March 31, 21:30 PM. Time to install ESX 4.0 update 1a; yet again, another issue: not enough diskspace to install the patches! After cleaning up the /var/cache/esxupdate, sufficient diskspace is available.
March 31, 22:00 PM. After having booted up everything, I again notice a very bad performance of ESX, and my suspicion is confirmed when I notice again the same megaraid_sas AEN events in the vmkernel logs. Strangely enough the error only occurs when I access my fileserver virtual machine, which is the only virtual machine that runs on the second of two RAID arrays... hmmm.
April 1, 13:00 PM. Some time for further analysis. I start a virtual machine running on my first RAID array and see that no AEN events are logged in the vmkernel log. Then I decide to add the VMDK's of my fileserver, all hosted on my second RAID array, one by one. The first VMDK is hotadded to a Windows 2008 virtual machine fine and I can see the data is still intact. Big relief! But indeed, when adding the second and third VMDK, the AEN events are flooding the vmkernel logs again.

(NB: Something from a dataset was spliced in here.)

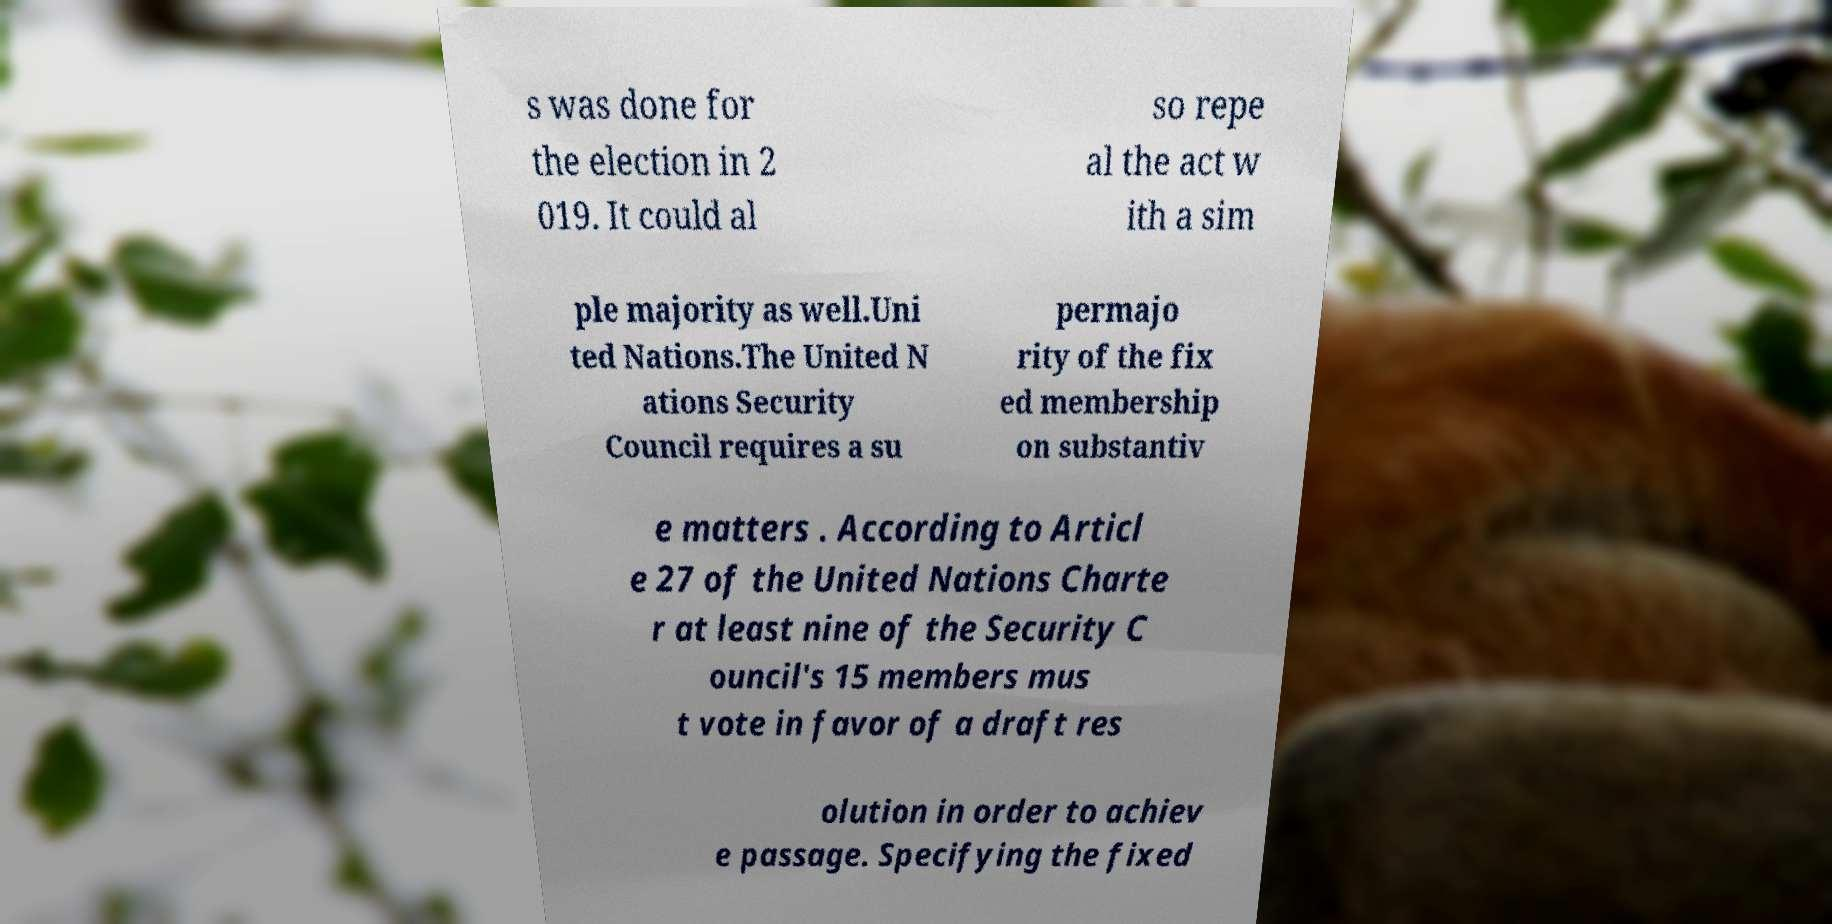Can you read and provide the text displayed in the image?This photo seems to have some interesting text. Can you extract and type it out for me? s was done for the election in 2 019. It could al so repe al the act w ith a sim ple majority as well.Uni ted Nations.The United N ations Security Council requires a su permajo rity of the fix ed membership on substantiv e matters . According to Articl e 27 of the United Nations Charte r at least nine of the Security C ouncil's 15 members mus t vote in favor of a draft res olution in order to achiev e passage. Specifying the fixed

At this time, I am becoming more and more convinced that not the Perc 5i controller is involved for the issues, but one or more disks in the second RAID array.
April 1, 14:00 PM. I decide I want to have a look at the Perc 5i controller logs to see if errors are logged at the HBA level. Since the Perc 5i uses a LSI logic chip, I use the procedure I blogged about a while back to install the MegaCLI tool again.

At this point, I discover that it is no longer possible to use the LSI MegaCLI tools under vSphere. I guess VMware finally decided that the Service Console has to run as a virtual machine and the Perc 5i card is no longer exposed inside the Service Console. LSI MegaCLI therefor reports that no compatible controllers are present. Bummer! Apparantly some people report in the VMware Community forums that LSI MSM (remote management server?) seems to work with limited functionality but I decide not to try to install this.
April 1, 17:00 PM. Time to think of an alternative way of discovering what is wrong in the second RAID array. It is a RAID5 array of 4 Seagate 1 TB disks (yes, the ST31000340AS series that had the firmware issues), and my suspicion is now that a single disk has failed, but the failure is not picked up by the Perc 5i controller, or not reported by the disk firmware. That is particularly bad because I don't want to pull the wrong disk out of a RAID5 array with a failed disk -- obviously causing a total data loss, which would be very, very, very, VERY depressing after all the happiness that I still had my data ;).

Time to pull out the Seagate selftests and indeed, testing each drive individually revealed that one of the drives had failed.

So the conclusion is: time for another RMA! I now have had each of my four Seagate 1 TB disks fail on me. In fact, out of the 8 Seagate drives I own, I have already requested 7 RMA's. At times like these I remember why I coughed up a massive amount of money to get my hands on the Western Digital Caviar Black edition (which AFAIK is the last consumer disk to provide a 5 year warranty).